As Exhibit A, I give you Blue Apron Holdings Inc. No matter what, Blue Apron probably would have had a tough time navigating its way to the land of public companies. Once people saw the company's finances in June, many of them doubted the company was capable of profitably luring and keeping customers for its meal-kit deliveries. Amazon's acquisition of Whole Foods -- at the same time Blue Apron was pitching itself to potential investors -- made people rethink the economics of the entire food market.

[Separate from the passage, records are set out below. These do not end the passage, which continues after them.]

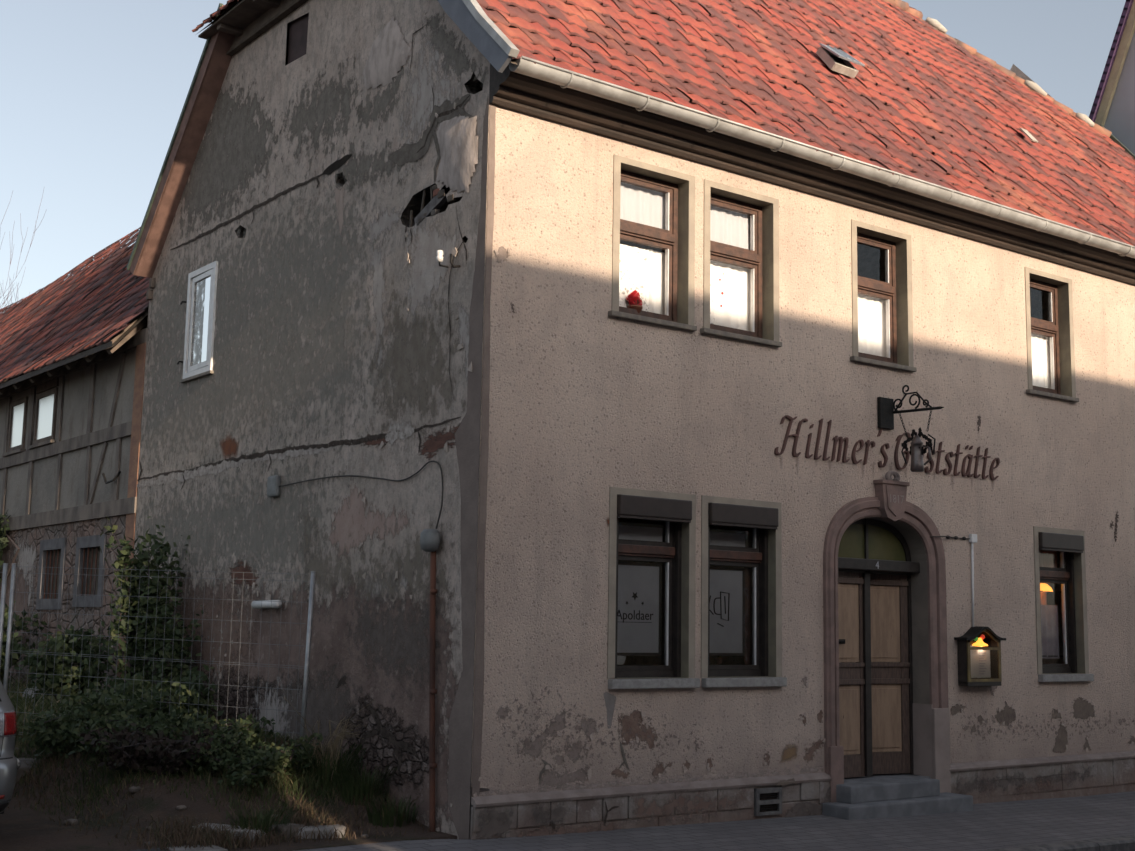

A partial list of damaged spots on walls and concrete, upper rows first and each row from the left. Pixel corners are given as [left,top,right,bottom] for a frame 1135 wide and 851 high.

crack [388,26,477,183]
peeling [399,24,483,144]
crack [171,154,352,250]
peeling [400,183,462,322]
crack [137,208,467,491]
flaking render [420,423,461,460]
flaking render [159,560,462,832]
spalling [521,692,657,767]
spalling [951,701,1016,733]
spalling [1052,697,1097,753]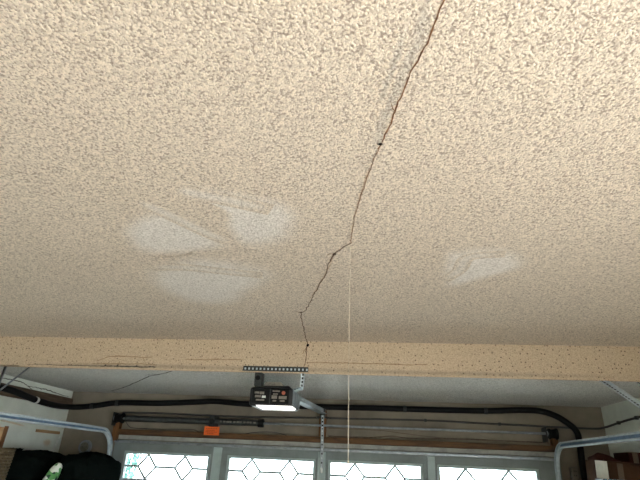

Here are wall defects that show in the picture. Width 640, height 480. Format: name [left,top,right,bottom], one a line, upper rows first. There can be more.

leakage [111,179,309,309]
crack [299,0,445,366]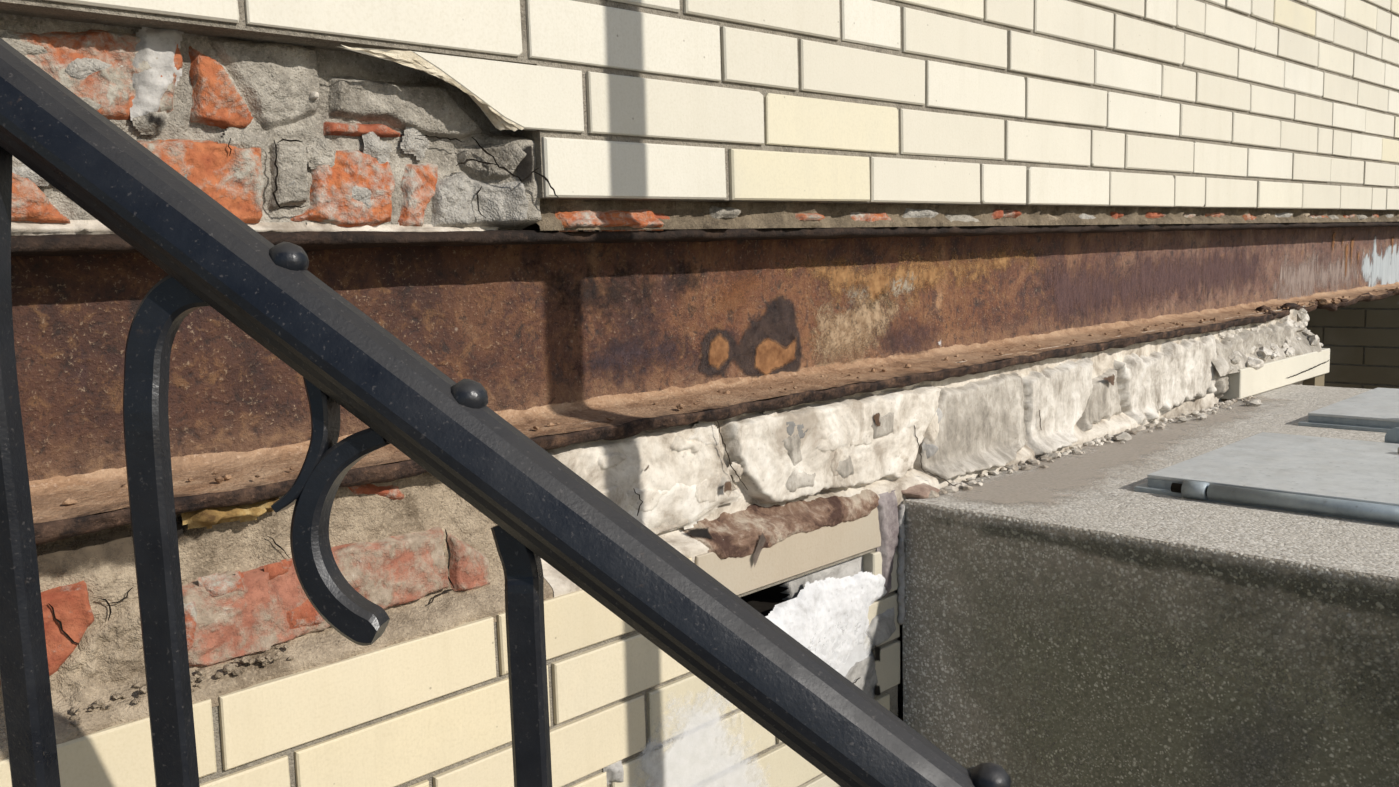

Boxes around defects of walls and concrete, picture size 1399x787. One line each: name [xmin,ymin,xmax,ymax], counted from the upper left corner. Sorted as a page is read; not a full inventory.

spalling [0,13,584,236]
rust [699,249,1037,377]
rust [1256,254,1384,316]
peeling [1332,232,1399,287]
spalling [0,681,9,760]
spalling [36,507,149,745]
spalling [176,459,505,707]
flaking render [534,306,1323,699]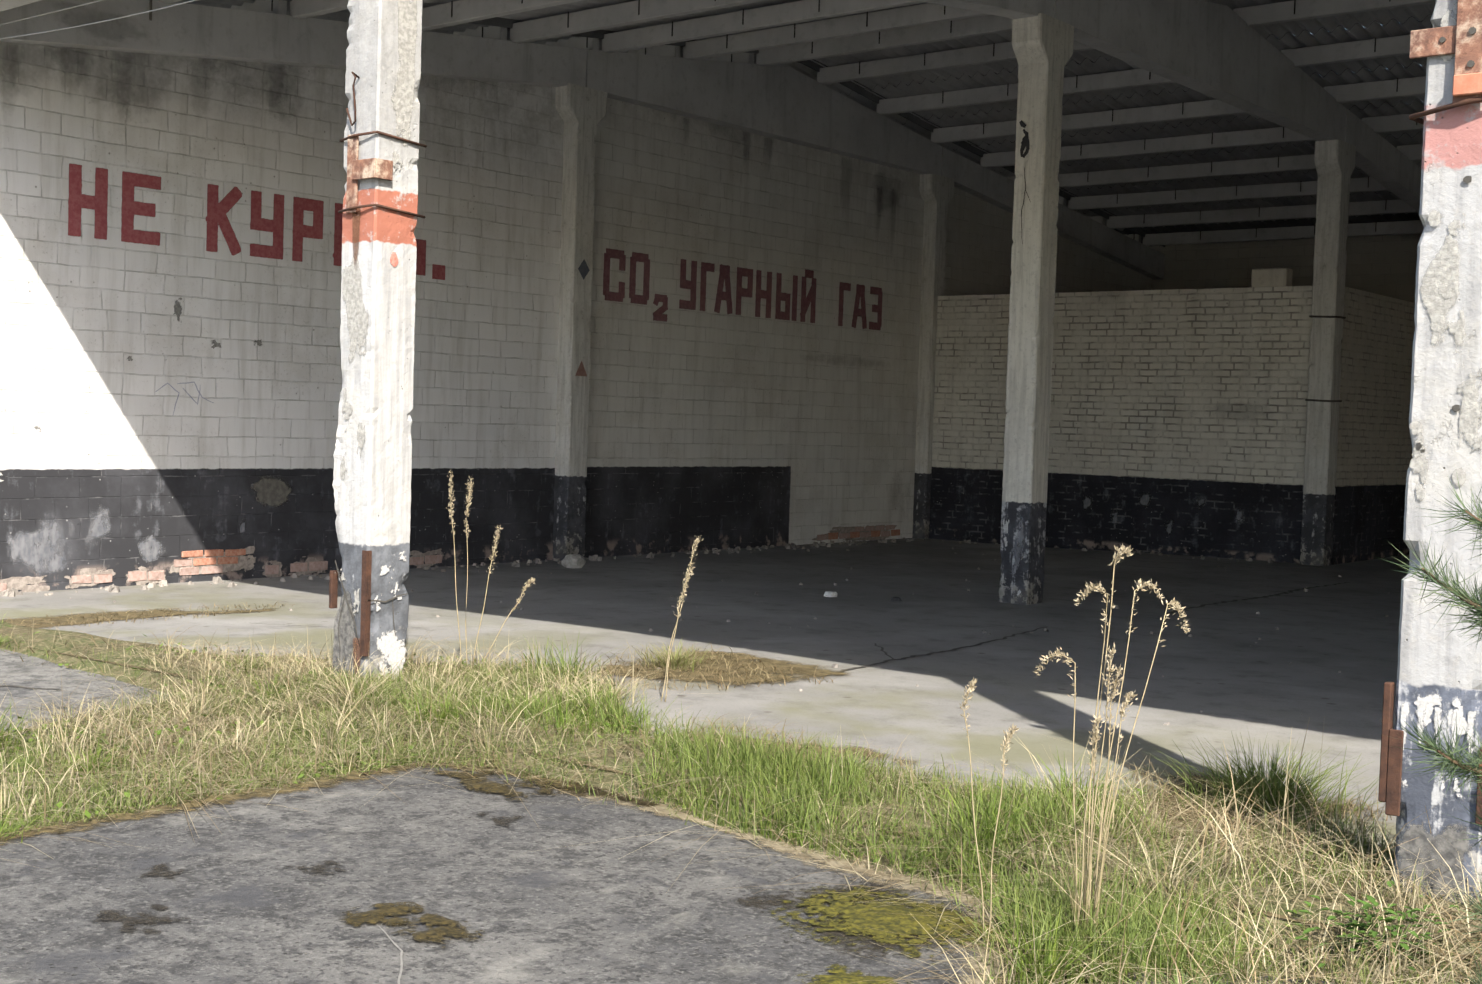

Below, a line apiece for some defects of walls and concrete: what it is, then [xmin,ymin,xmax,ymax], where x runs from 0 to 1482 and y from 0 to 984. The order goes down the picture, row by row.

peeling [342,257,369,362]
corrosion [353,208,361,262]
peeling [1420,210,1466,352]
peeling [340,388,365,480]
peeling [1458,368,1482,451]
peeling [89,510,110,538]
flaking render [0,521,447,681]
corrosion [353,550,372,677]
crack [800,627,1045,677]
crack [1163,582,1349,614]
corrosion [1378,681,1404,816]
peeling [1401,694,1477,755]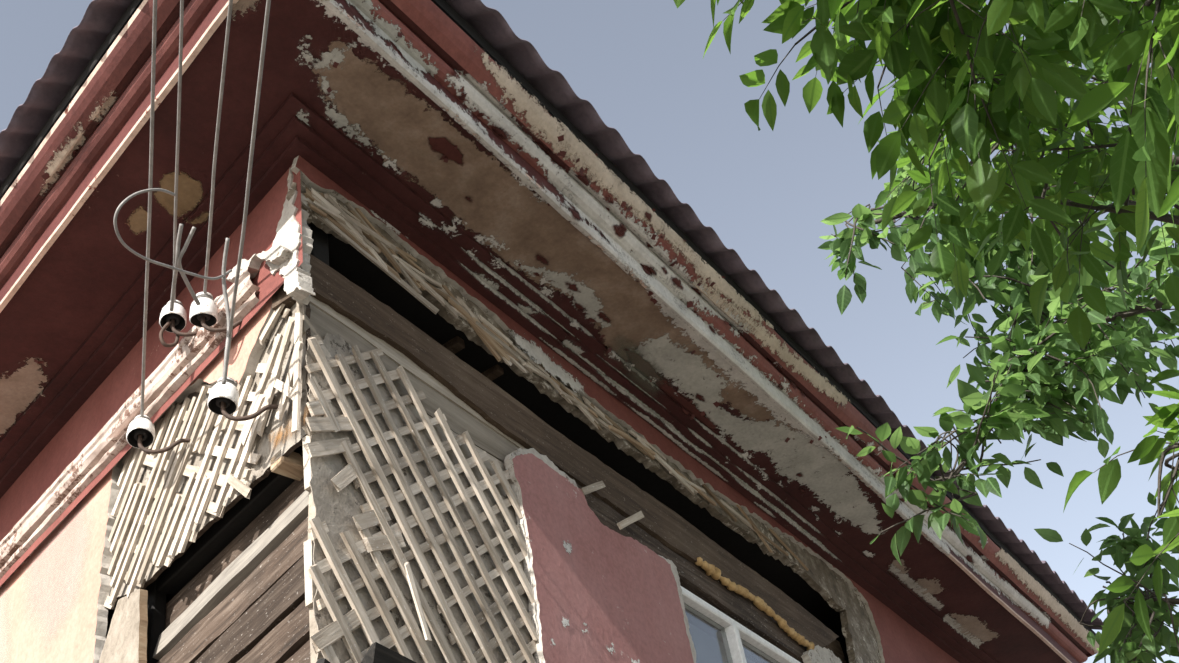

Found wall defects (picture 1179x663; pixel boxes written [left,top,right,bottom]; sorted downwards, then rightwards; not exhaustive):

peeling [232,0,259,21]
peeling [40,91,117,195]
peeling [127,206,148,235]
peeling [154,172,209,225]
peeling [295,0,1099,654]
peeling [0,357,48,437]
flaking render [103,302,556,663]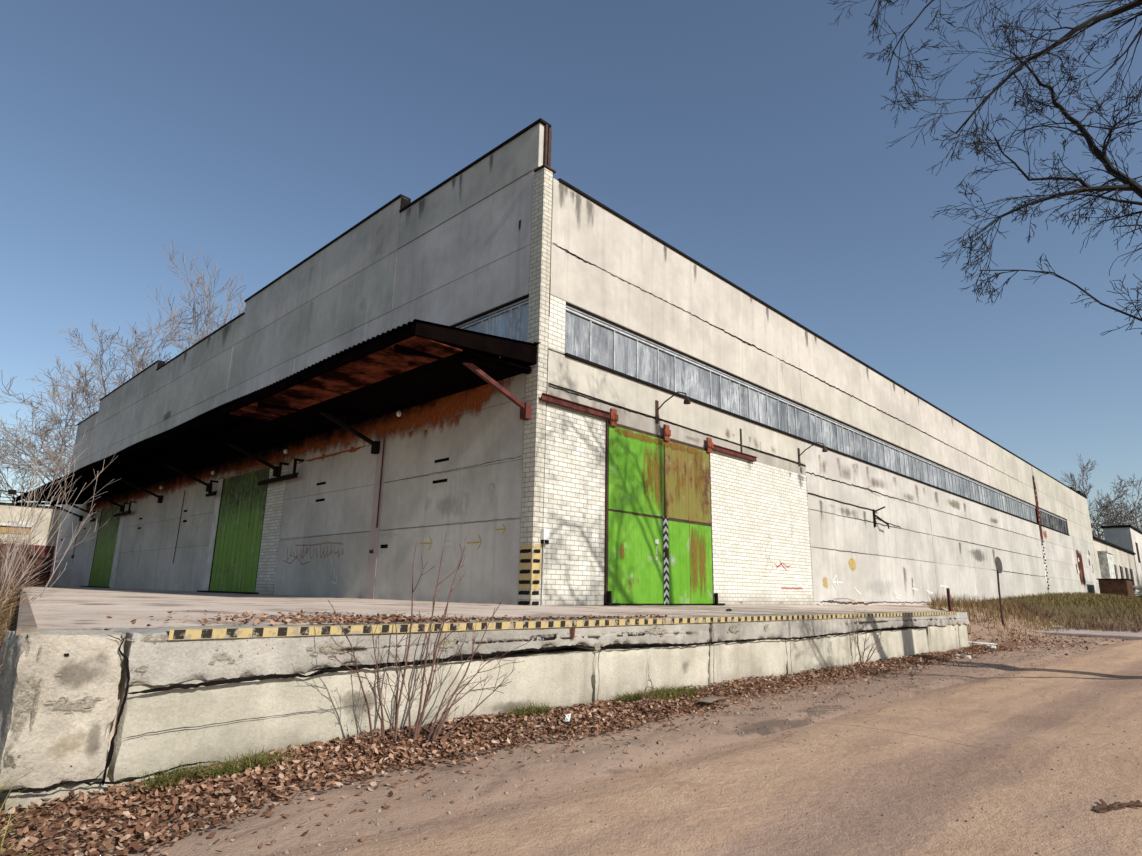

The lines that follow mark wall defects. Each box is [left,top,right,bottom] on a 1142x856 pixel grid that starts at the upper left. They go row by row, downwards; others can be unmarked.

corrosion [86,378,510,512]
corrosion [615,430,703,508]
corrosion [1032,477,1047,540]
corrosion [691,529,706,591]
crack [0,434,1044,793]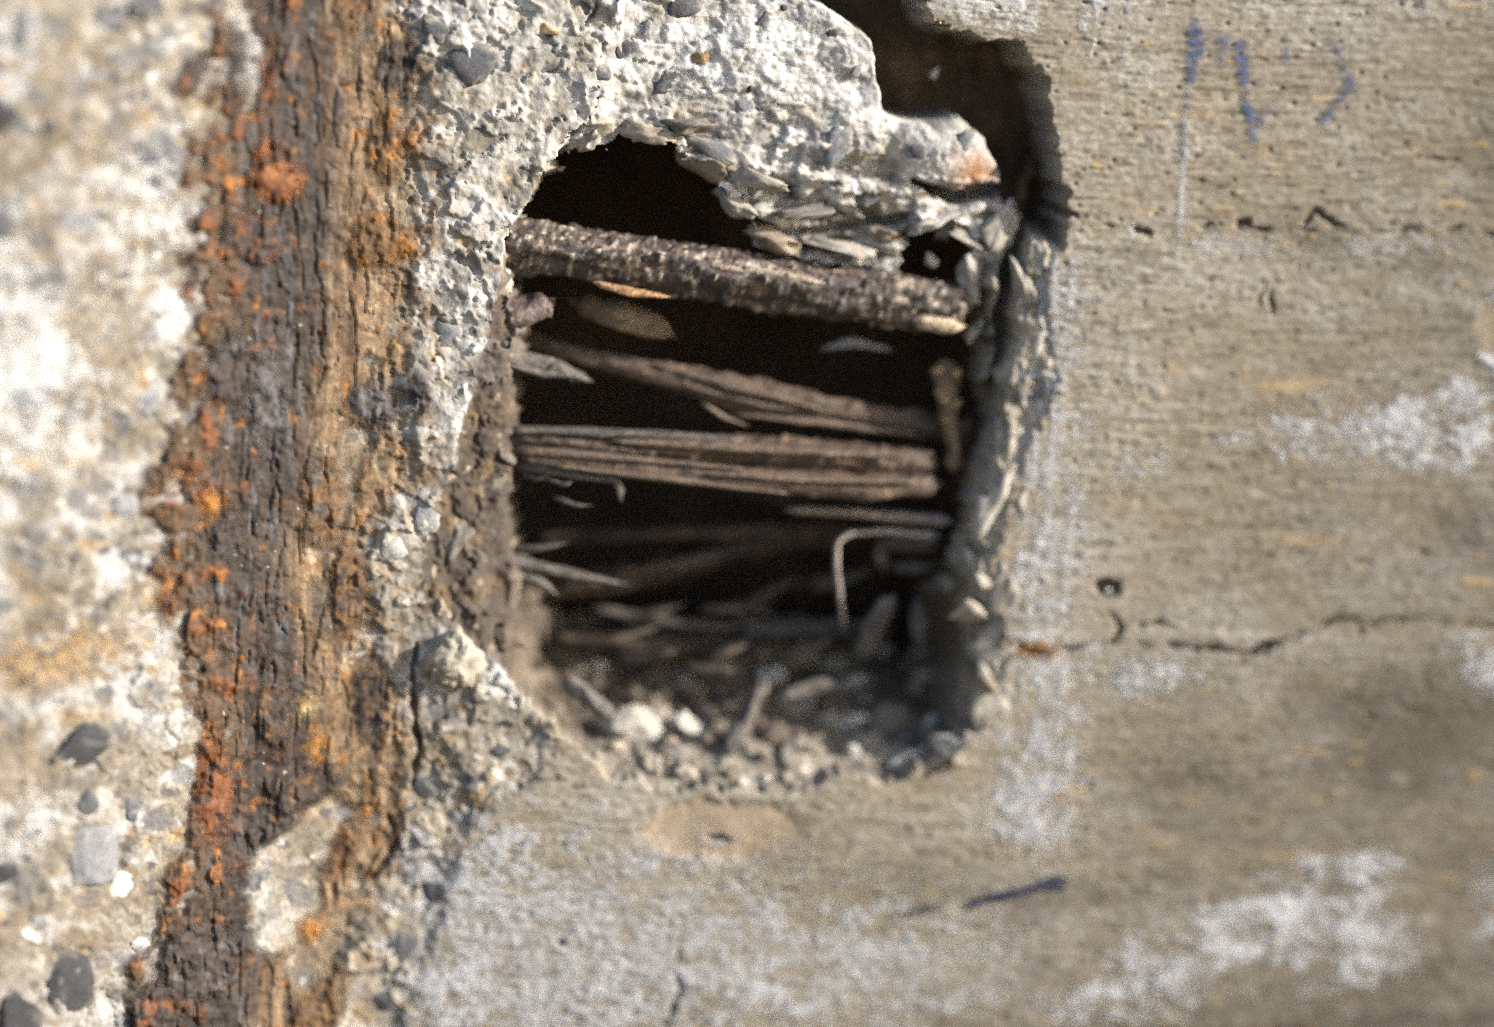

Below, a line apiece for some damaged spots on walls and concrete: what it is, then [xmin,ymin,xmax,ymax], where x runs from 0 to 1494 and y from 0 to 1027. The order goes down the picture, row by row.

rust [504,217,974,335]
spalling [0,0,272,1027]
rust [116,0,433,1027]
spalling [242,0,1069,1027]
rust [528,521,960,602]
crack [1010,610,1494,659]
efflorescence [1051,849,1425,1023]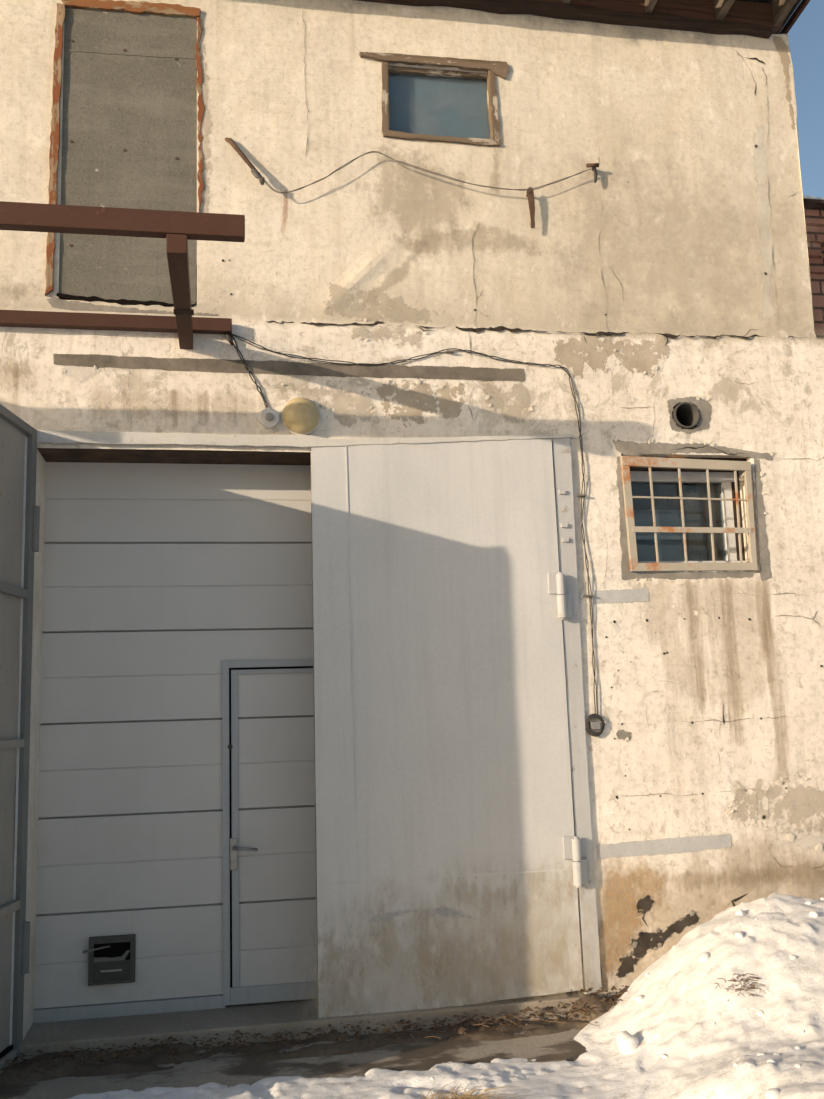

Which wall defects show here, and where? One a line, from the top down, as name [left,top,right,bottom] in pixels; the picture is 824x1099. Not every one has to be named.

crack [249,51,810,421]
peeling [553,334,670,378]
peeling [371,378,465,427]
damp [599,869,661,982]
spalling [616,895,699,978]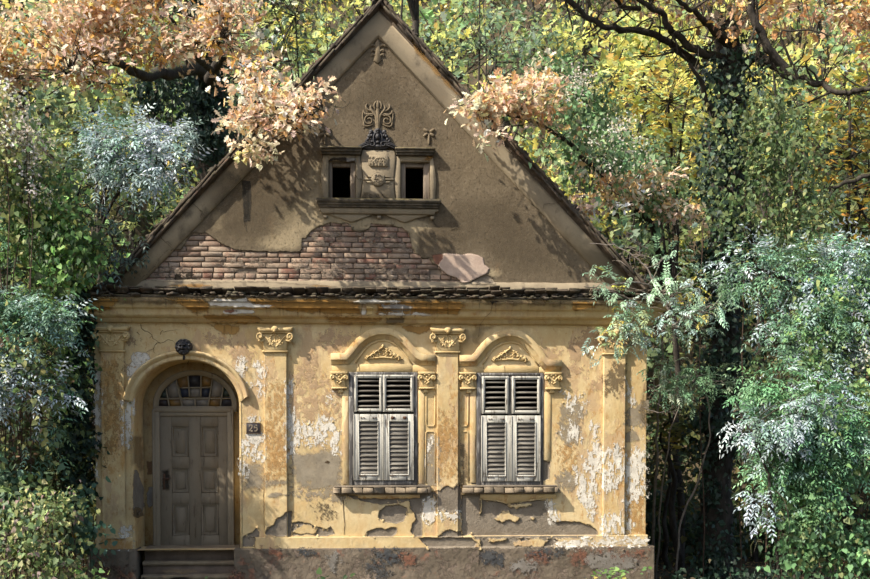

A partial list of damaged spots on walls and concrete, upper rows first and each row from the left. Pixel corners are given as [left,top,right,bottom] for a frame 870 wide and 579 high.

flaking render [145,223,495,286]
peeling [208,298,271,314]
spalling [354,299,430,316]
peeling [127,352,150,380]
peeling [235,355,268,398]
peeling [119,399,136,449]
peeling [238,414,267,478]
peeling [283,379,342,463]
spalling [346,385,650,579]

But Blue Apron shot itself in the foot, too. Inexplicably, the company went through wrenching changes in its business in the months before and after its IPO. Those changes -- including the rocky opening of a new food distribution center, the related rocky debut of more flexible menu options and a management reshuffling -- may have been necessary, but it hurt Blue Apron's credibility and finances at the same time it was going public. 2
In its first quarterly report as a public company, Blue Apron disclosed that costs to open its new distribution facility left it with less money to spend on marketing to sign up new subscribers. In part because of those changes, Blue Apron shed customers. A company needs a rock-solid story to pitch to public market investors, with the finances to match. Blue Apron had a strategy for investors built on a shifting foundation that fueled investors' doubts. The stock price is 40 percent off Blue Apron's discounted IPO sale.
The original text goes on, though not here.